## What is expected
Among the entries below, extract exactly the lines that run from the one with "28. cardboard box [1811, 685, 1919, 735]" through the one with "1. hammer: 0.314", both ends included.

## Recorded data
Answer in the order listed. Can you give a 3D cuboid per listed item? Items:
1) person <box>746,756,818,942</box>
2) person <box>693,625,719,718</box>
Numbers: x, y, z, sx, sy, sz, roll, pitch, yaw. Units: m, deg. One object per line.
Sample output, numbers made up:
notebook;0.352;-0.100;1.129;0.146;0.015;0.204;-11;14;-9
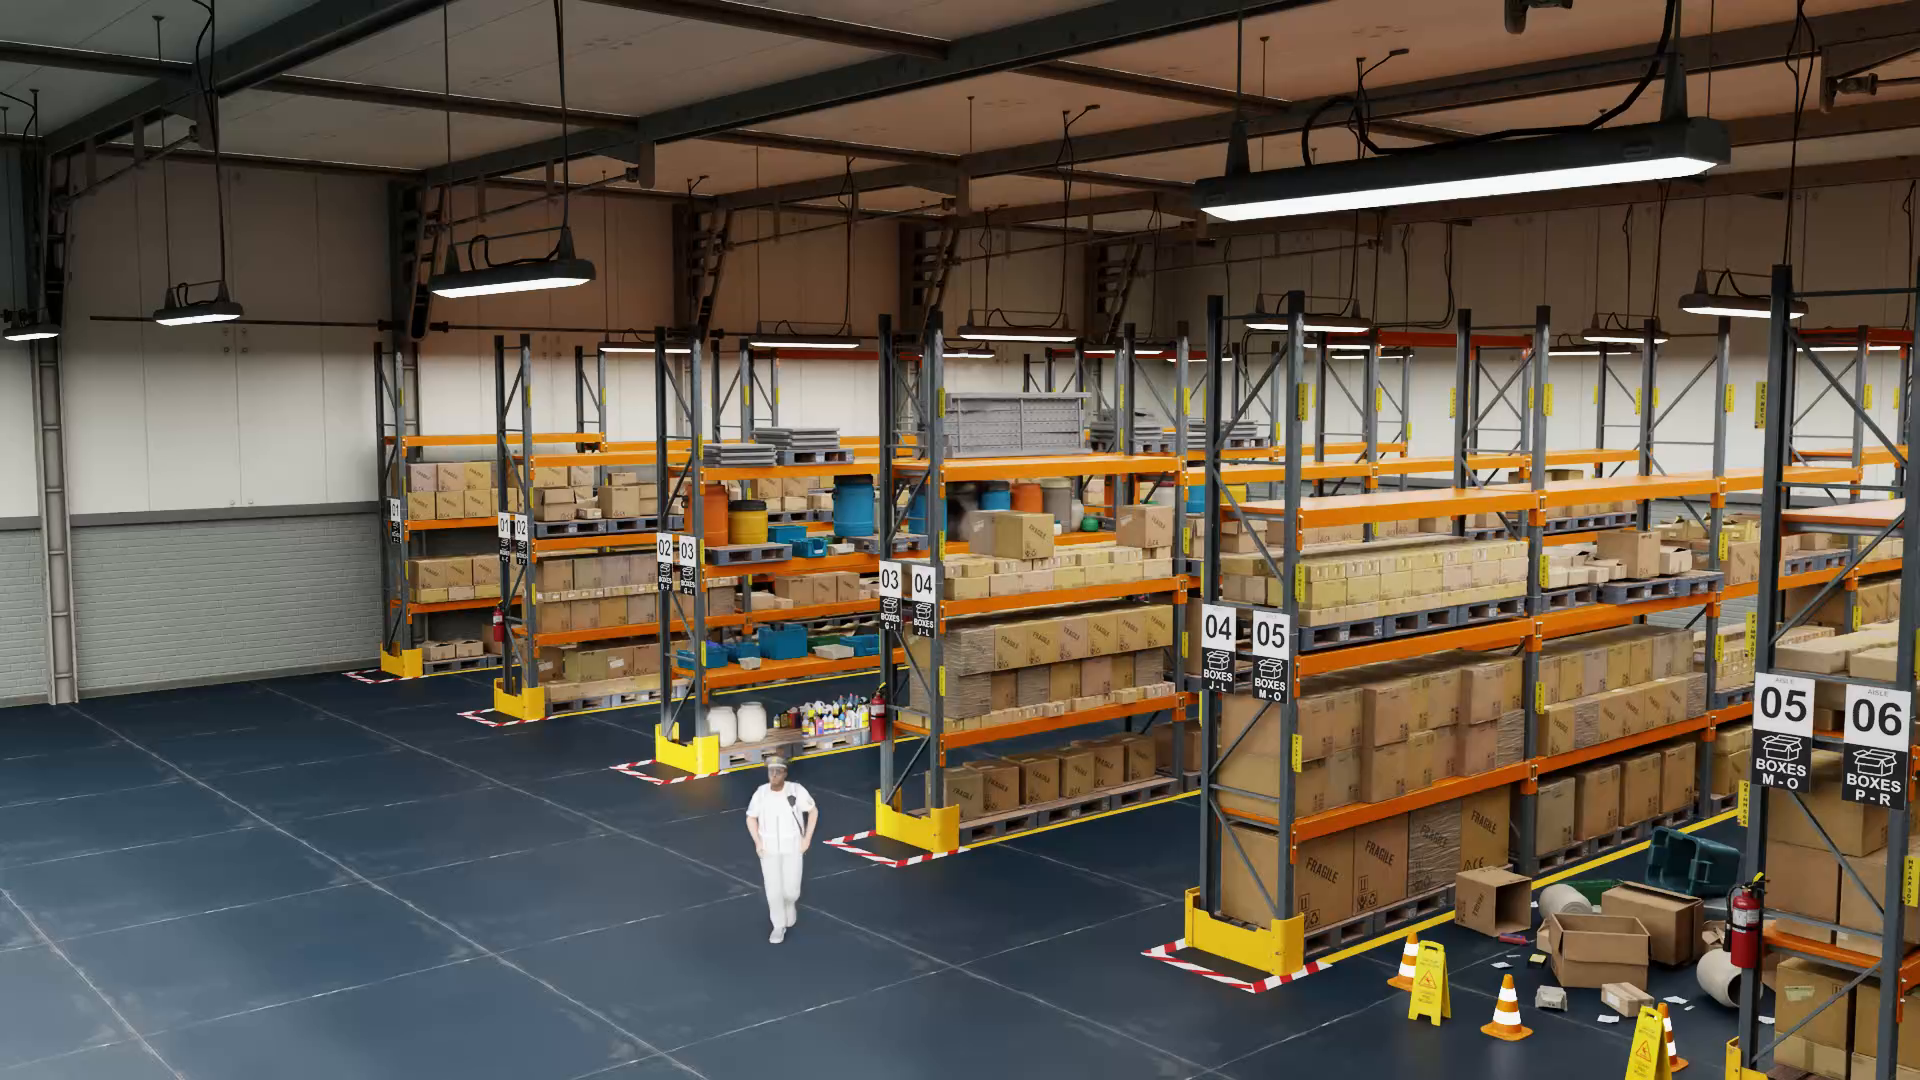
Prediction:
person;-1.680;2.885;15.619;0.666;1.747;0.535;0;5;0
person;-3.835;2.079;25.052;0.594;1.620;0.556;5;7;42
* * *
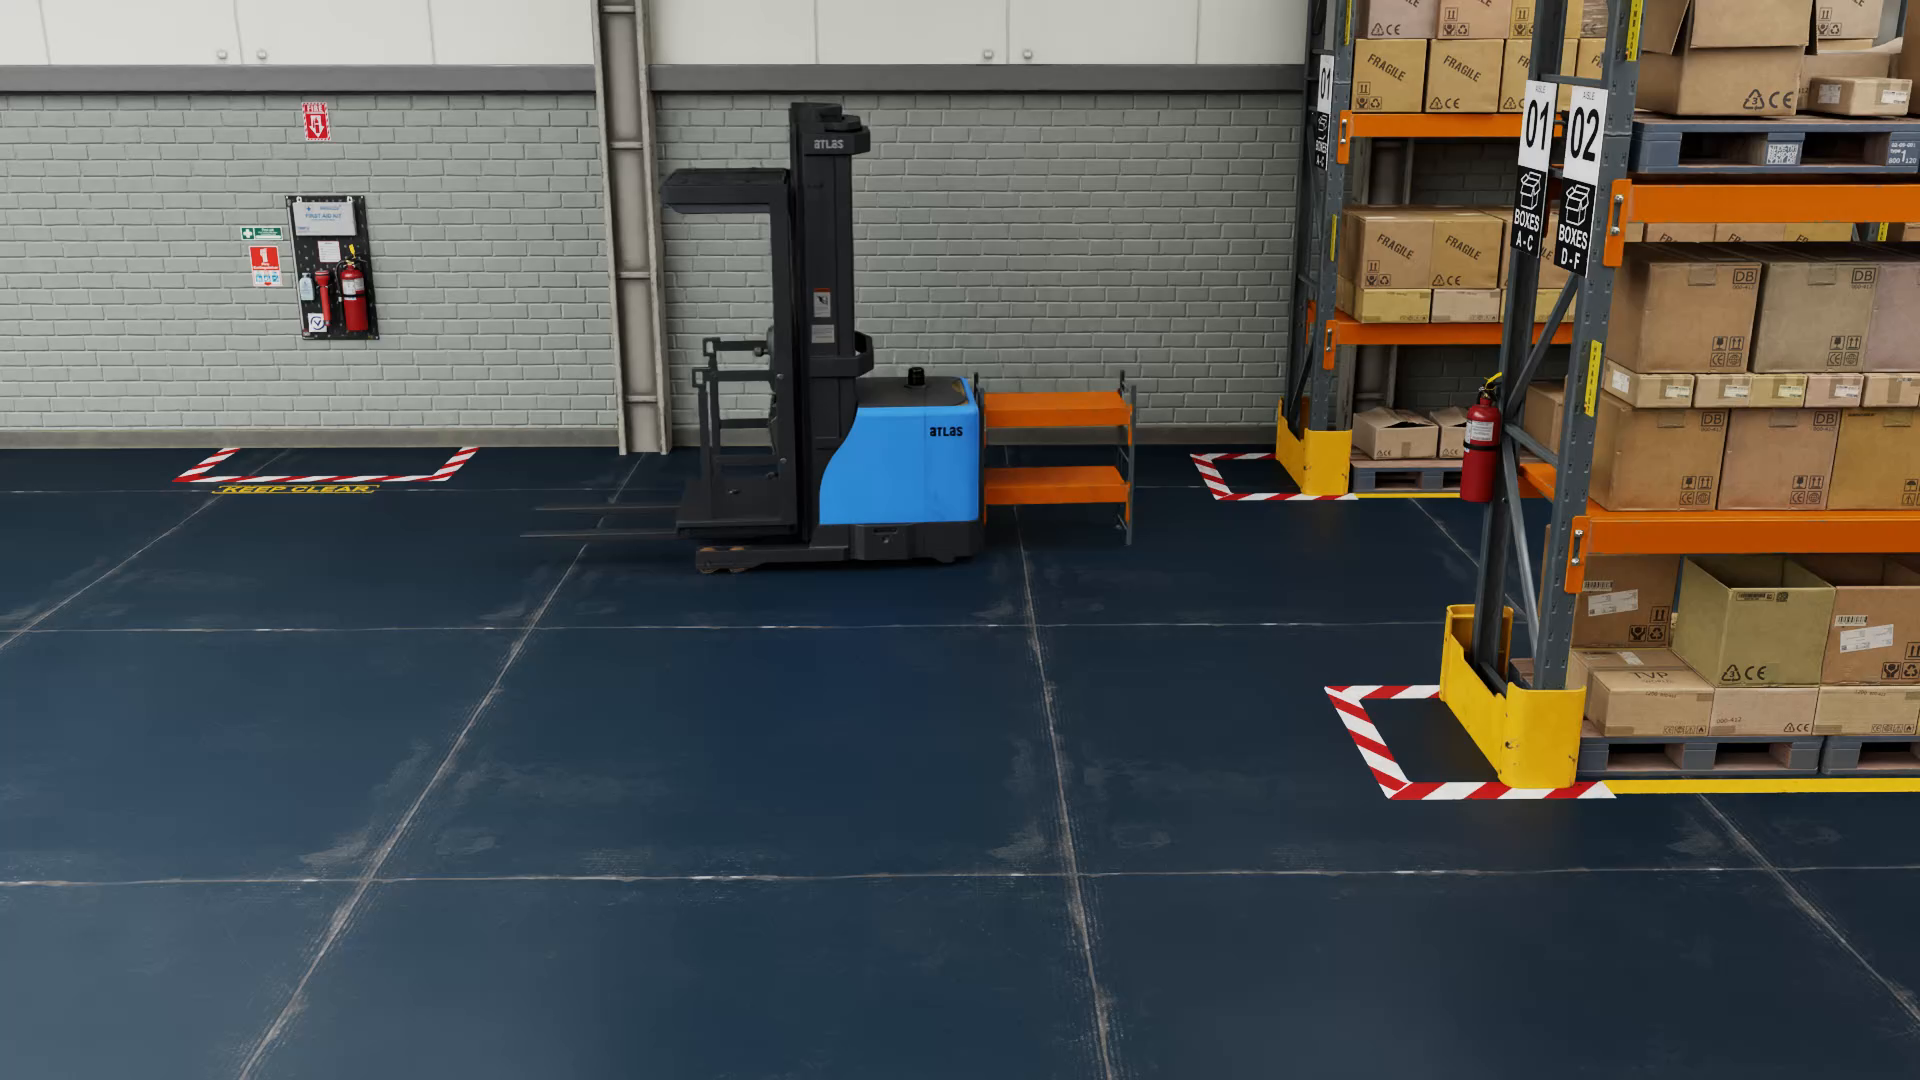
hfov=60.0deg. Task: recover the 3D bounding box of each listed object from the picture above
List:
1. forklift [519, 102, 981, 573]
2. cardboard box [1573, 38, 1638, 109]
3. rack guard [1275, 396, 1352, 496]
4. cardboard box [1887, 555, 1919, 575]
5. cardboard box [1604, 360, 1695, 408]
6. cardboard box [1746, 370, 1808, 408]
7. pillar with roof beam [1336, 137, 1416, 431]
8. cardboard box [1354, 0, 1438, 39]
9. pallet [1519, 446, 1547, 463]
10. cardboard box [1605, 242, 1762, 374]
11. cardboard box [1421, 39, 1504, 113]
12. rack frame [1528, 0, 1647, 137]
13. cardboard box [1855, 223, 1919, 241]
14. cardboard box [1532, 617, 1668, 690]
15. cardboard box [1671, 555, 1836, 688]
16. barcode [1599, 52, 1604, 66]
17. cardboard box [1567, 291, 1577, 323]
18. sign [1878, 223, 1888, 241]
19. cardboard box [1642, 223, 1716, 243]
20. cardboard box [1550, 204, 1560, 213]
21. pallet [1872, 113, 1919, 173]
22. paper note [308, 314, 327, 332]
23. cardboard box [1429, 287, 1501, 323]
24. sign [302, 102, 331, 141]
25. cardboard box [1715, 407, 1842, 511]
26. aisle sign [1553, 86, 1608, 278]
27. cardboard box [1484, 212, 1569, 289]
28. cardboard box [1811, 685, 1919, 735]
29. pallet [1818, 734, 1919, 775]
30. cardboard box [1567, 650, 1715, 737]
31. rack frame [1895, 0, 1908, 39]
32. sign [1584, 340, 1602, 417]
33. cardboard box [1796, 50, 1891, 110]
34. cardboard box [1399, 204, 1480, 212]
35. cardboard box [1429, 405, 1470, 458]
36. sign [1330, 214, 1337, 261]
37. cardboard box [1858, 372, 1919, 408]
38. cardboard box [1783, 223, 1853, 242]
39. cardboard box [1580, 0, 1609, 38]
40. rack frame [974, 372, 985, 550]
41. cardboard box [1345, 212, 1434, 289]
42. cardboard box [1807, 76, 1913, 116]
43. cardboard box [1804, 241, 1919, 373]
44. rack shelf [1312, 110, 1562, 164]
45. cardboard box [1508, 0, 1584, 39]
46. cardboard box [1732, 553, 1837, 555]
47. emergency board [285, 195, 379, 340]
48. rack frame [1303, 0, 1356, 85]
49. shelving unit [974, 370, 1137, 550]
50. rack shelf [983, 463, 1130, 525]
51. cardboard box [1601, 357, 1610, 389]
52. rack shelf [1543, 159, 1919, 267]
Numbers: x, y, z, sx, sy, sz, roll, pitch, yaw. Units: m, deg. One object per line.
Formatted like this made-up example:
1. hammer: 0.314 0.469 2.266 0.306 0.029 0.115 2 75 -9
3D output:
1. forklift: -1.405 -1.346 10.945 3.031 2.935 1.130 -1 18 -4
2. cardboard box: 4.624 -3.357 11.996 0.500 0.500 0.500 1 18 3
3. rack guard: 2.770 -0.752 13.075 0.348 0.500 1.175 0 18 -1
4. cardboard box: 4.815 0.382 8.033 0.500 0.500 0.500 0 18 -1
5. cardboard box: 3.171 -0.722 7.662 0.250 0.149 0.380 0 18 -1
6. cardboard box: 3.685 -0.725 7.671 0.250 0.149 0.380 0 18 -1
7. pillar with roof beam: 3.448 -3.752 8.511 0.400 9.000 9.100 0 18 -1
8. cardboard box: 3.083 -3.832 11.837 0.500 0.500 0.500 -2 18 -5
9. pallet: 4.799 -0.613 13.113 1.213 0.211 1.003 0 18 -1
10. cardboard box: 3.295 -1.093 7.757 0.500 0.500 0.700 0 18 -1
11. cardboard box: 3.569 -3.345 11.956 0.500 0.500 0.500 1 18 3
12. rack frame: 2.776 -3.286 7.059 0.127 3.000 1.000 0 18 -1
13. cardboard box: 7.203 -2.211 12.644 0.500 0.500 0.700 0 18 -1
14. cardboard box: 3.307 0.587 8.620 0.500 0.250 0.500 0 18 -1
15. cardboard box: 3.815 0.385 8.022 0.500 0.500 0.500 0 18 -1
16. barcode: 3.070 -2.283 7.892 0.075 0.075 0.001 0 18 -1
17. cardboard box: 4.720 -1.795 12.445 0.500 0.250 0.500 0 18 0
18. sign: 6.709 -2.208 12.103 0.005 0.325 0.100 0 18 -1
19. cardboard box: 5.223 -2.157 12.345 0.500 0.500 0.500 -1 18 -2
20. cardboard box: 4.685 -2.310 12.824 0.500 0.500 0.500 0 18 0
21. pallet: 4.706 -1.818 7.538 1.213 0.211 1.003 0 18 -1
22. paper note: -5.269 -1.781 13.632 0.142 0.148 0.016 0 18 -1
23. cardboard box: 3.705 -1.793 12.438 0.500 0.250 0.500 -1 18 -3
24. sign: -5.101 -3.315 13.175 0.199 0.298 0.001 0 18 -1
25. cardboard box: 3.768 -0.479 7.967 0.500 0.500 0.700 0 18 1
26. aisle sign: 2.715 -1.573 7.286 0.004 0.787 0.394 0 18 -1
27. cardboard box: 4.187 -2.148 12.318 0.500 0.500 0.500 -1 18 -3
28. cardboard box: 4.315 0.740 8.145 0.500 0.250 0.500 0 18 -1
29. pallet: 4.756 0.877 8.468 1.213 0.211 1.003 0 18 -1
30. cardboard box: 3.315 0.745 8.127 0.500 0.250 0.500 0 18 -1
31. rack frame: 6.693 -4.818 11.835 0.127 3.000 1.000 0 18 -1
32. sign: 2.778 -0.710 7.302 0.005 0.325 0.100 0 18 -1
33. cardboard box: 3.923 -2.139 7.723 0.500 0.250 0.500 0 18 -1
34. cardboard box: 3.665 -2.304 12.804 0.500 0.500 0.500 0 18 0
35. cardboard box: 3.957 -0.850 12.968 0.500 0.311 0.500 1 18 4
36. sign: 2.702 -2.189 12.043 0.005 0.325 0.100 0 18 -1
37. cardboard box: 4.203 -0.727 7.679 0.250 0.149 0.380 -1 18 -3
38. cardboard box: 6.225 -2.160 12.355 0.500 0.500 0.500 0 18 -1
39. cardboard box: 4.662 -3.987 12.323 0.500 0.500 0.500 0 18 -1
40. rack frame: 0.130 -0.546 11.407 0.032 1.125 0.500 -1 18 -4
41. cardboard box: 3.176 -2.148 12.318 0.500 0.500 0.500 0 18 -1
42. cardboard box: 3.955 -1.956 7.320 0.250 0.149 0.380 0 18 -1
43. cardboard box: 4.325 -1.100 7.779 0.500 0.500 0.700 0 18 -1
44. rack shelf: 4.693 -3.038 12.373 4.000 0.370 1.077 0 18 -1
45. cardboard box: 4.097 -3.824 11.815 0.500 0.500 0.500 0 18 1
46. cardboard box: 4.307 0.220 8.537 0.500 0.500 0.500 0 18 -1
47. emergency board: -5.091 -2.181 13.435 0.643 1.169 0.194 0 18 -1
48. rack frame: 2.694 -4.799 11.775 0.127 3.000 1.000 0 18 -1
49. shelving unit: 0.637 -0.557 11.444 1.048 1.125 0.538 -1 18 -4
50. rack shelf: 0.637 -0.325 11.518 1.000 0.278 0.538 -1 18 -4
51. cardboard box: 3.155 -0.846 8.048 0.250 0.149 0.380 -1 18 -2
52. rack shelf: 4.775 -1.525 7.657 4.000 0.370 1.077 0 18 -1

## Problem solution
28. cardboard box [1811, 685, 1919, 735]
29. pallet [1818, 734, 1919, 775]
30. cardboard box [1567, 650, 1715, 737]
31. rack frame [1895, 0, 1908, 39]
32. sign [1584, 340, 1602, 417]
33. cardboard box [1796, 50, 1891, 110]
34. cardboard box [1399, 204, 1480, 212]
35. cardboard box [1429, 405, 1470, 458]
36. sign [1330, 214, 1337, 261]
37. cardboard box [1858, 372, 1919, 408]
38. cardboard box [1783, 223, 1853, 242]
39. cardboard box [1580, 0, 1609, 38]
40. rack frame [974, 372, 985, 550]
41. cardboard box [1345, 212, 1434, 289]
42. cardboard box [1807, 76, 1913, 116]
43. cardboard box [1804, 241, 1919, 373]
44. rack shelf [1312, 110, 1562, 164]
45. cardboard box [1508, 0, 1584, 39]
46. cardboard box [1732, 553, 1837, 555]
47. emergency board [285, 195, 379, 340]
48. rack frame [1303, 0, 1356, 85]
49. shelving unit [974, 370, 1137, 550]
50. rack shelf [983, 463, 1130, 525]
51. cardboard box [1601, 357, 1610, 389]
52. rack shelf [1543, 159, 1919, 267]
Numbers: x, y, z, sx, sy, sz, roll, pitch, yaw. Units: m, deg. One object per line.
Formatted like this made-up example:
1. hammer: 0.314 0.469 2.266 0.306 0.029 0.115 2 75 -9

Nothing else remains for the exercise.